■ Task objective ■
Read the listing below and tally the lines that contain "property"; the reply is that tally only.
Given records START
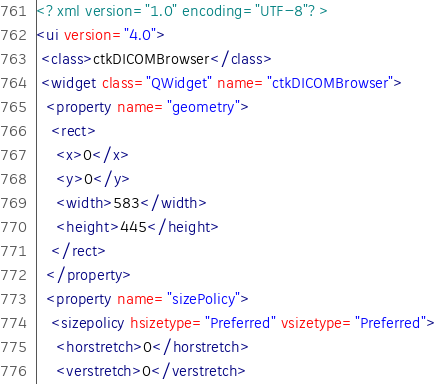Convert code to text. <code><loc_0><loc_0><loc_500><loc_500><_XML_><?xml version="1.0" encoding="UTF-8"?>
<ui version="4.0">
 <class>ctkDICOMBrowser</class>
 <widget class="QWidget" name="ctkDICOMBrowser">
  <property name="geometry">
   <rect>
    <x>0</x>
    <y>0</y>
    <width>583</width>
    <height>445</height>
   </rect>
  </property>
  <property name="sizePolicy">
   <sizepolicy hsizetype="Preferred" vsizetype="Preferred">
    <horstretch>0</horstretch>
    <verstretch>0</verstretch></code> 
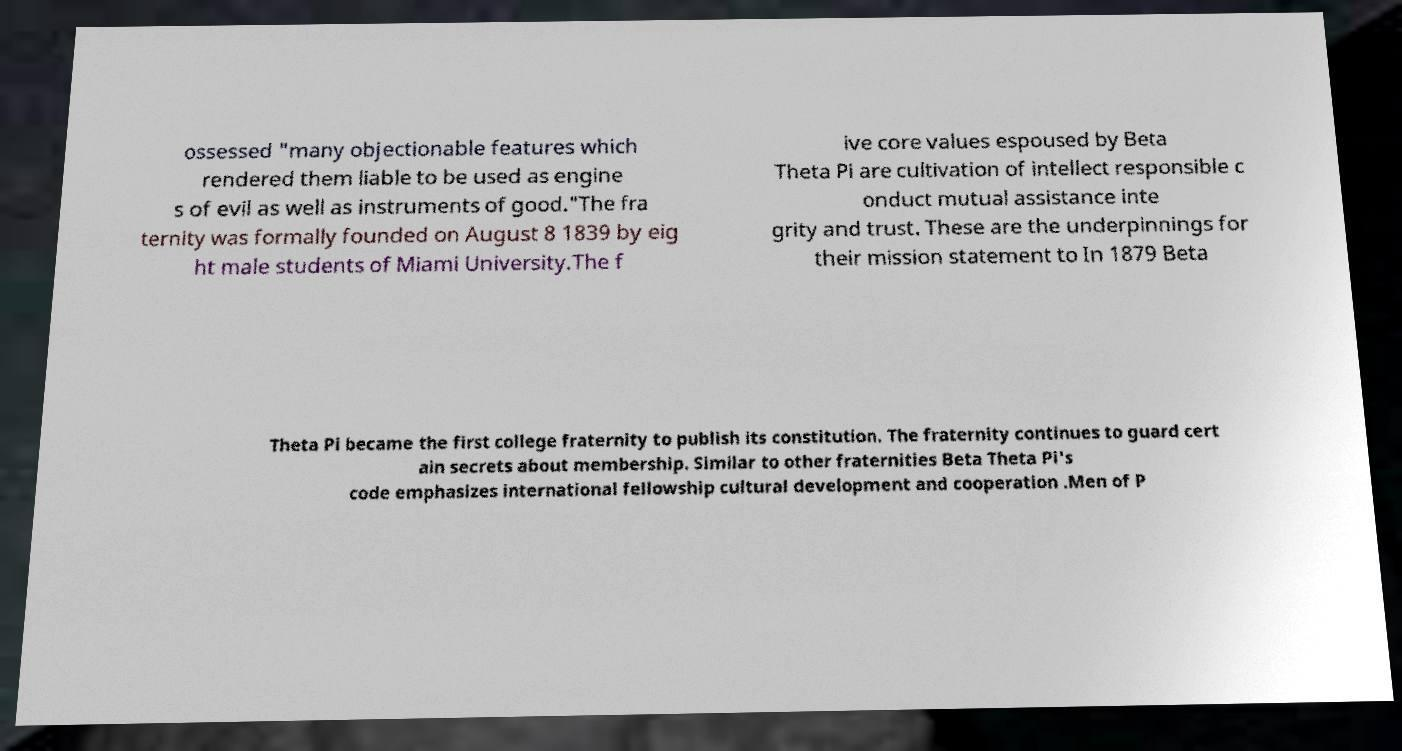Please read and relay the text visible in this image. What does it say? ossessed "many objectionable features which rendered them liable to be used as engine s of evil as well as instruments of good."The fra ternity was formally founded on August 8 1839 by eig ht male students of Miami University.The f ive core values espoused by Beta Theta Pi are cultivation of intellect responsible c onduct mutual assistance inte grity and trust. These are the underpinnings for their mission statement to In 1879 Beta Theta Pi became the first college fraternity to publish its constitution. The fraternity continues to guard cert ain secrets about membership. Similar to other fraternities Beta Theta Pi's code emphasizes international fellowship cultural development and cooperation .Men of P 
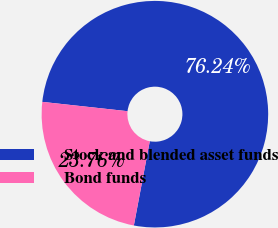Convert chart to OTSL. <chart><loc_0><loc_0><loc_500><loc_500><pie_chart><fcel>Stock and blended asset funds<fcel>Bond funds<nl><fcel>76.24%<fcel>23.76%<nl></chart> 
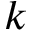Convert formula to latex. <formula><loc_0><loc_0><loc_500><loc_500>k</formula> 
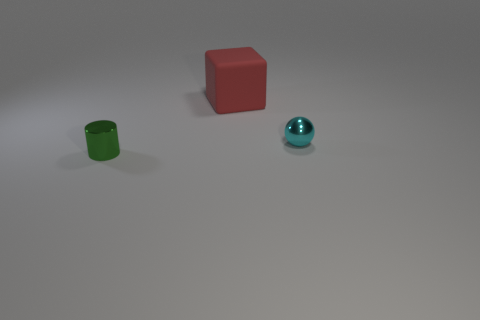Is there anything else that has the same size as the red block?
Make the answer very short. No. Are there any other things that are made of the same material as the large cube?
Keep it short and to the point. No. Are there any small green shiny cylinders on the right side of the small cyan ball?
Provide a short and direct response. No. Are there an equal number of rubber objects to the right of the green metal object and tiny green metal things?
Provide a short and direct response. Yes. There is a tiny object that is left of the metallic object to the right of the shiny cylinder; is there a tiny green cylinder right of it?
Provide a short and direct response. No. What is the material of the cylinder?
Offer a terse response. Metal. How many other objects are there of the same shape as the red object?
Make the answer very short. 0. Is the shape of the cyan metal thing the same as the large matte thing?
Keep it short and to the point. No. How many objects are either shiny objects that are in front of the cyan thing or metallic things that are on the left side of the cyan sphere?
Your response must be concise. 1. How many things are either spheres or matte objects?
Keep it short and to the point. 2. 
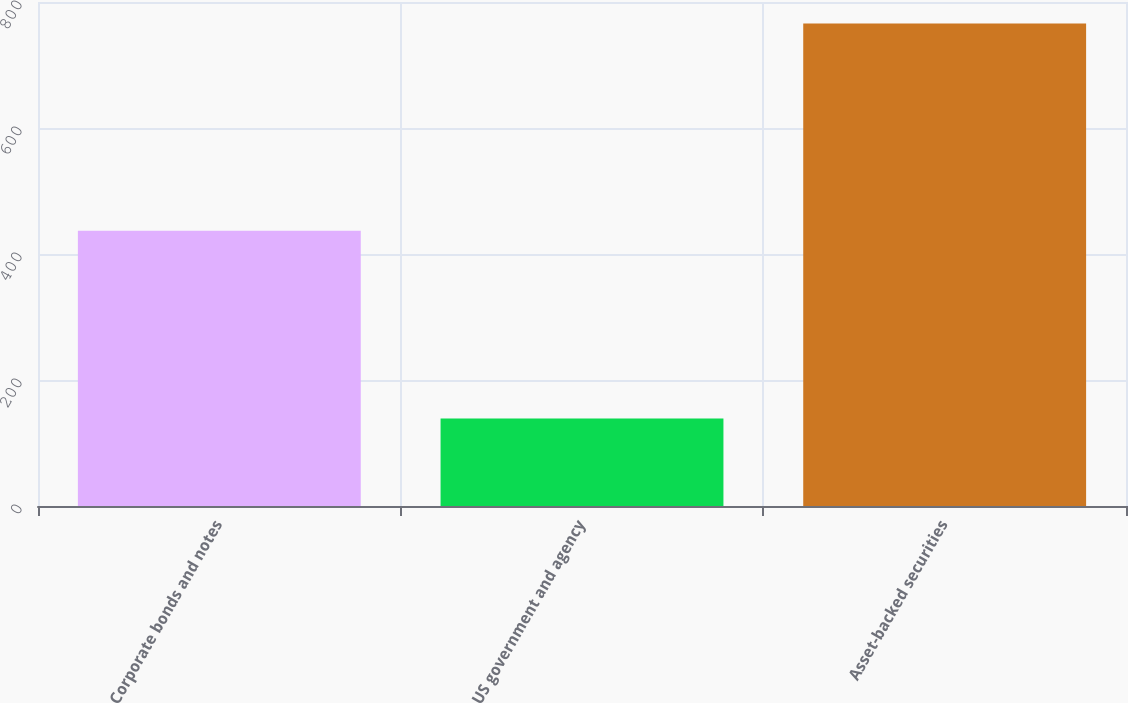Convert chart to OTSL. <chart><loc_0><loc_0><loc_500><loc_500><bar_chart><fcel>Corporate bonds and notes<fcel>US government and agency<fcel>Asset-backed securities<nl><fcel>437<fcel>139<fcel>766<nl></chart> 
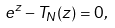Convert formula to latex. <formula><loc_0><loc_0><loc_500><loc_500>e ^ { z } - T _ { N } ( z ) = 0 ,</formula> 
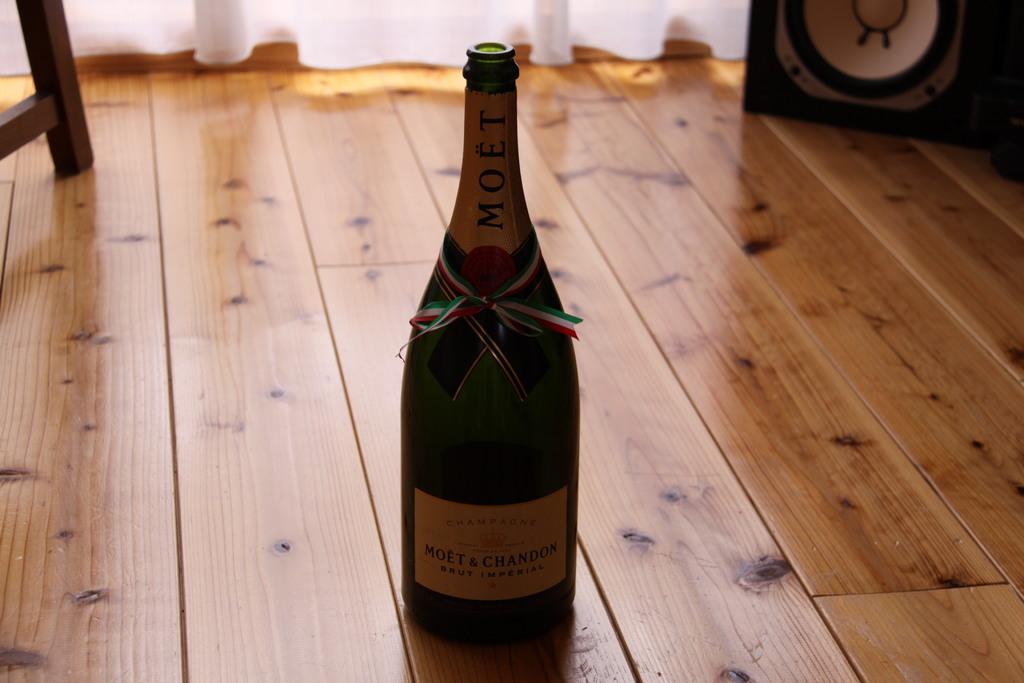What brand is this champagne?
Keep it short and to the point. Moet. 
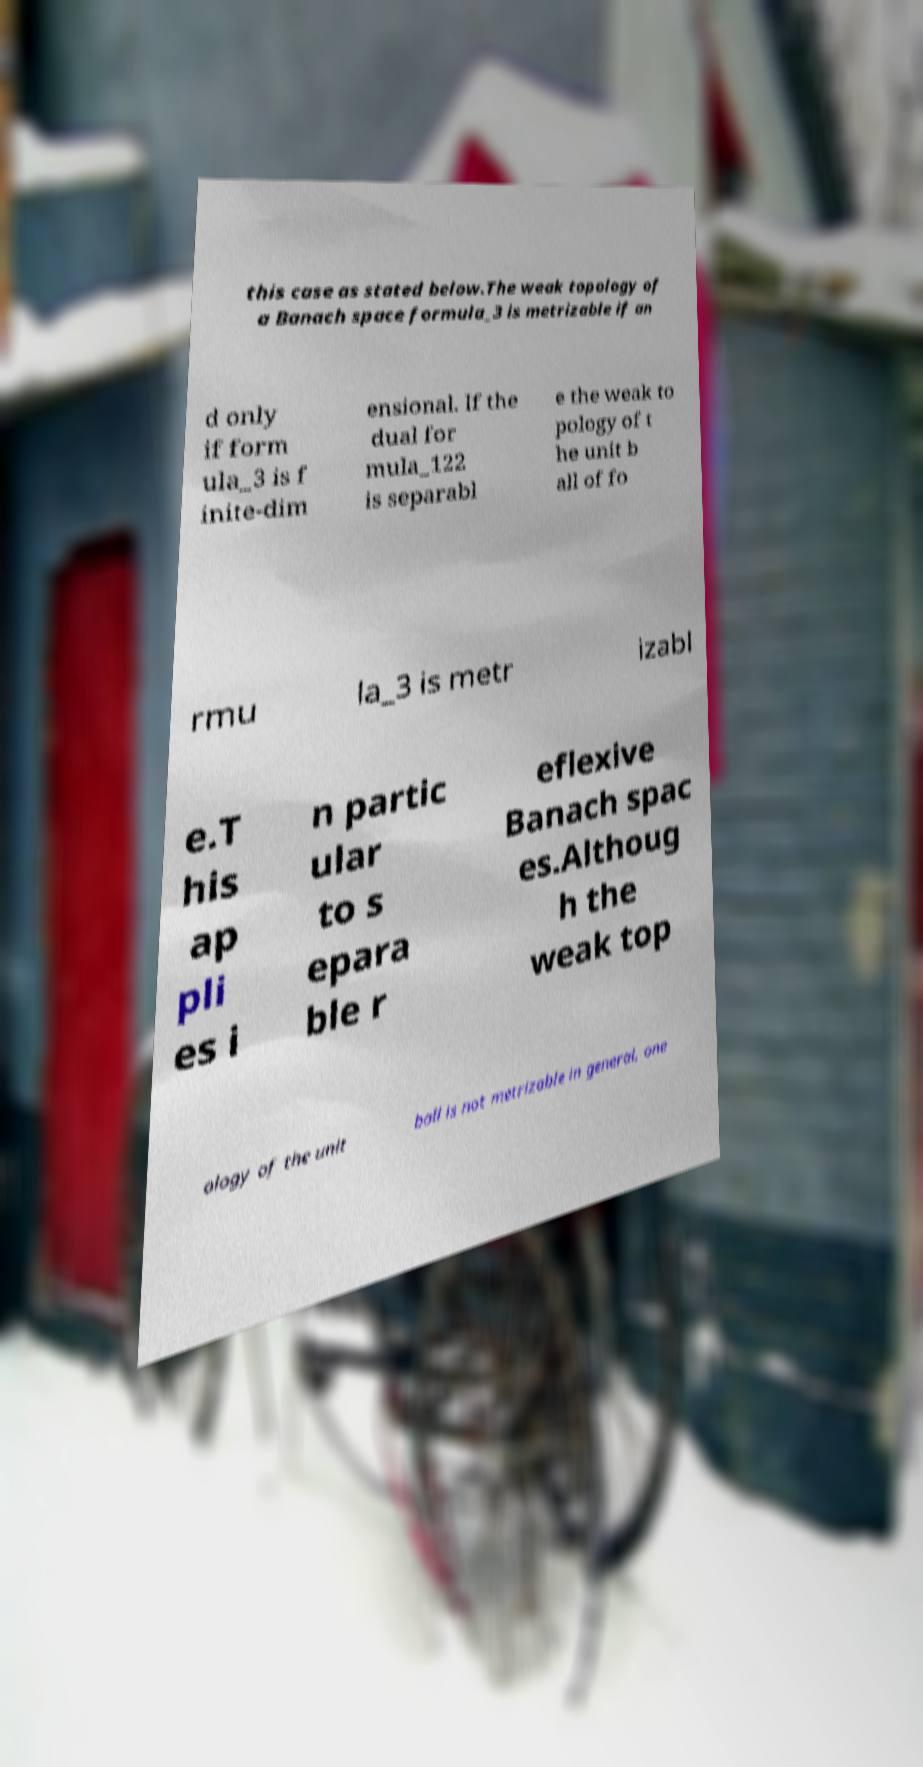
Given records END
■ Output for this task ■
3